Furthermore, the story was never the grandmother’s point of view in the first place, because she never would have seen herself as “insensitive, pretentious, manipulative” (O’Connor 17), etc. These are opinions the reader, her family and O’Connor’s critics have of her. Frederick Asals, in his Introduction to the story states that his Canadian students were not at all convinced that the old lady had a good heart.

“They found this central female character not only ‘a hypocritical old soul’ but the possessor of ‘assorted juicy sins unforgivable to the minds of nineteen-year-olds—garrulous, insensitive, underhanded, pretentious, manipulative, self-serving, morally obtuse, out of touch with reality,’ and so on” (17). By choosing the omniscient point of view, O’Connor can get away with her reasoning of the grandmother being the hero/ine of the story even though many of her critics, like Asal’s students, believe the grandmother is “evil” and got what she deserved (57).

What Doxey is referring to however, occurs much later in the story towards the end, where it seems the point of view shifts from the grandmother to The Misfit, and we become privy to his thoughts and actions. At least that’s how it appears to Doxey. If this were so, then O’Connor would have broken her contract with the reader.

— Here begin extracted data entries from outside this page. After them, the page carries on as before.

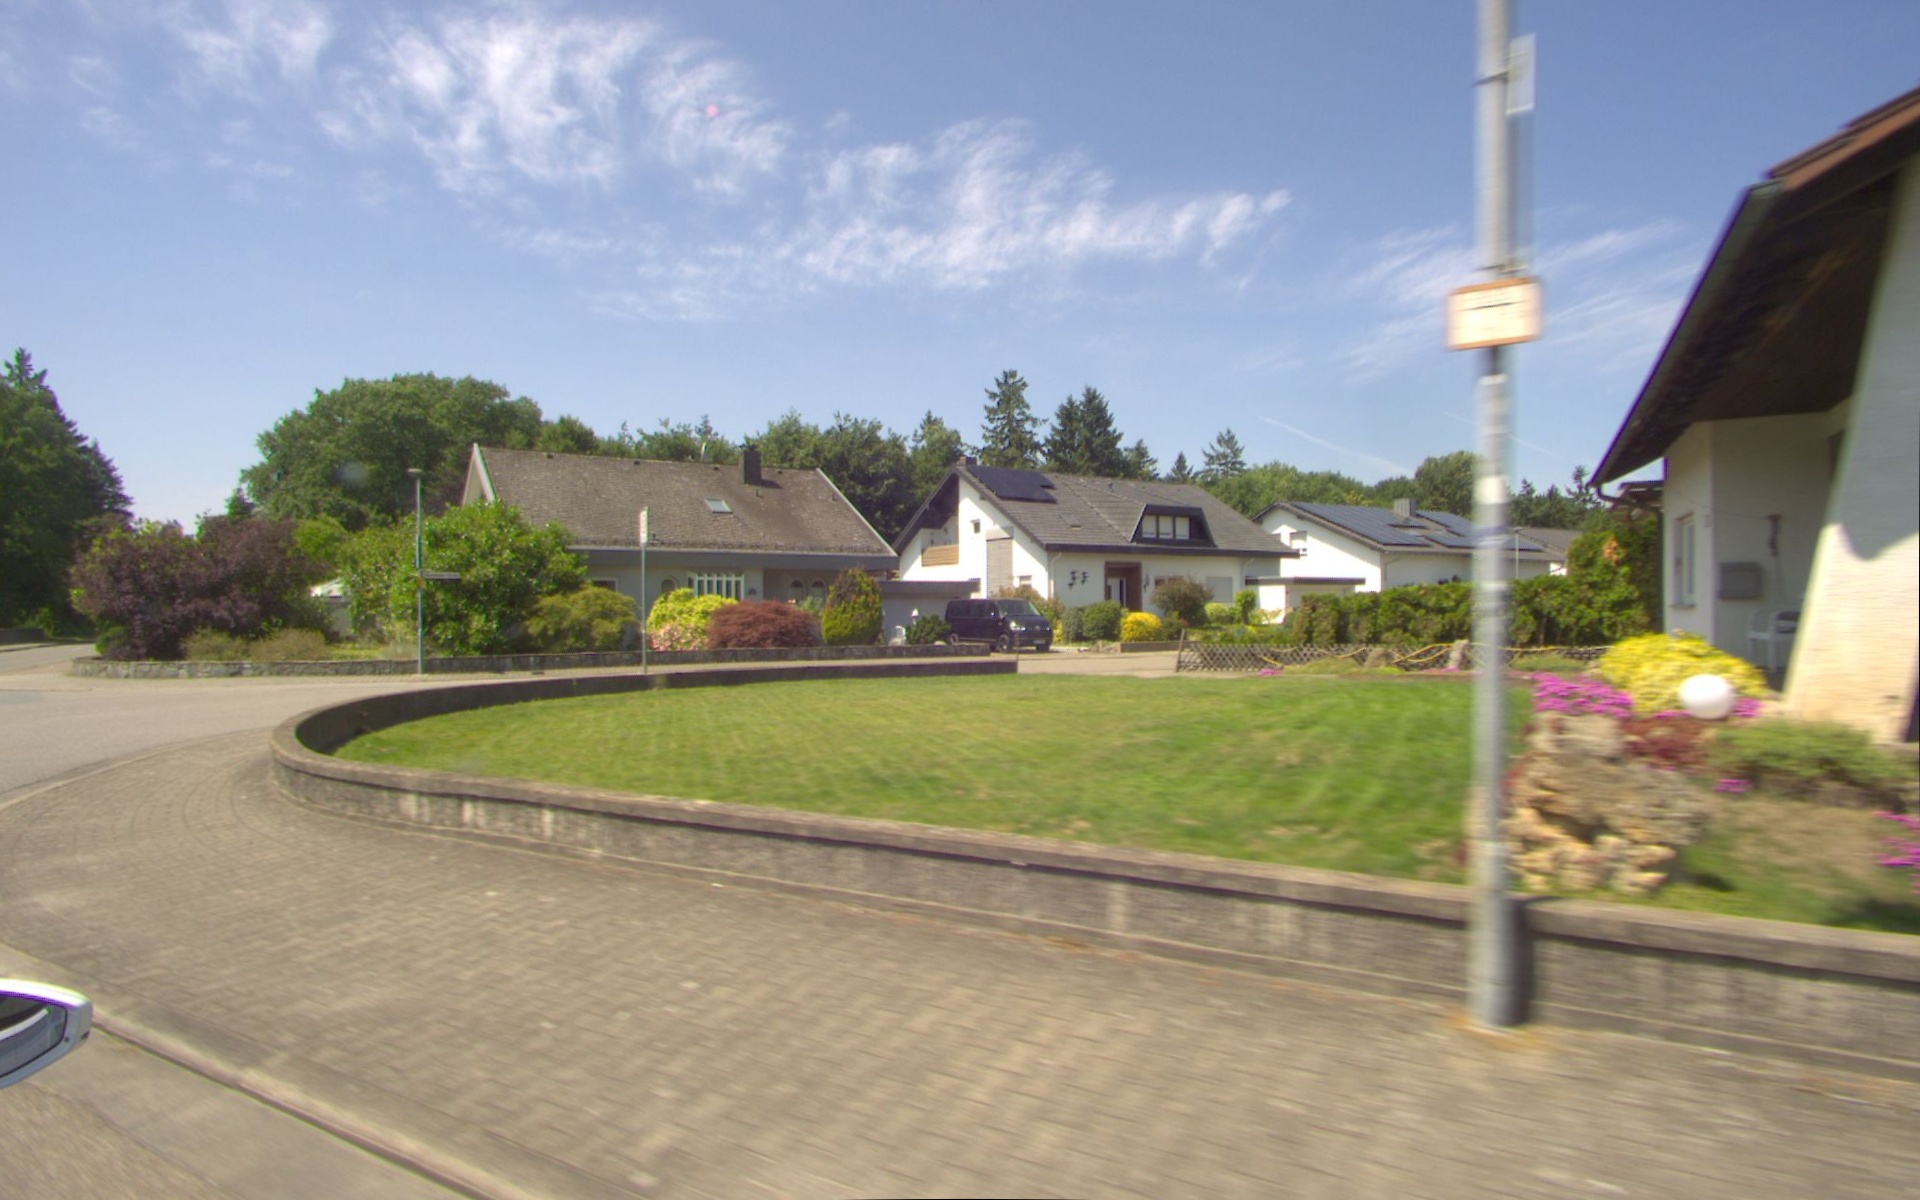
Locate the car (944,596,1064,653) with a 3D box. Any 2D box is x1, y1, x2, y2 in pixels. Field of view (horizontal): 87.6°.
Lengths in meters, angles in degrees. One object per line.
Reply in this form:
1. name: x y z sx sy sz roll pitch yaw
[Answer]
1. car: 1.520 0.858 36.700 1.902 1.940 4.937 0 0 -33

However, O’Connor did not break her contract with the reader. Because the narrator has not limited her omniscience, she can focus the rest of the story on the Misfit after he shoots the grandmother. Because the story is told from an omniscient point of view, the loss of the grandmother is not significant to the narration. The narration continues with the Misfit getting the last word.

In conclusion, a shift in point of view can be confusing, but in “A Good Man is Hard to Find,” there is no shift. An all-knowing, omniscient narrator tells the story because according to O’Connor, “the story is a duel of sorts between the Grandmother and her superficial beliefs [,] and the Misfit’s more profoundly felt involvement with Christ’s action which set the world off balance for him” (63). “The fact that these meanings are there makes the book significant. The reader may not see them but they have their effect on him nonetheless…. [O’Connor tells us], this is the way the modern novelist sinks, or hides, his theme” (72).

We didn’t know The Misfit was going to wipe out the entire family, but when we found out that this was what was going to happen, we realized it was inevitable. O’Connor’s plot produces a shock for the reader. The grandmother, lives in a society that O’Connor states is “rich in contradiction, rich in irony, rich in contrast, and particularly rich in its speech” (103).

O’Connor uses her point of view to highlight these contradictions and ironies. But as she herself will tell you, “When you write a story … there will always be people who will refuse to read the story you have written” (95).

Works Cited

Asals, Frederick. Introduction. A Good Man is Hard to Find. By Flannery O’Connor. New Jersey: Rutgers UP, 1993. 3-24.
Burroway, Janet. Writing Fiction: A Guide to Narrative Craft. 2nd ed. New York: HarperCollins, 1987.
Doxey, William S. “A Dissenting Opinion of Flannery O’Connor’s ‘A Good Man is Hard to Find,’ A Good Man is Hard to Find. Ed. Asals, Frederick. New Jersey: Rutgers UP, 1993. 95-100.
Lye, John. “Critical Reading: A Guide.” 2 Oct. 2000. Brock University.
O’Connor. Flannery. A Good Man Is Hard to Find. Ed. Frederick Asals. New Jersey: Rutgers UP, 1993.
—. A Good Man Is Hard to Find and Other Stories. New York: Harcourt, 1955. 9-29.
—. Mystery and Manners. Ed. Sally and Robert Fitzgerald. New York: Farrar, 1961.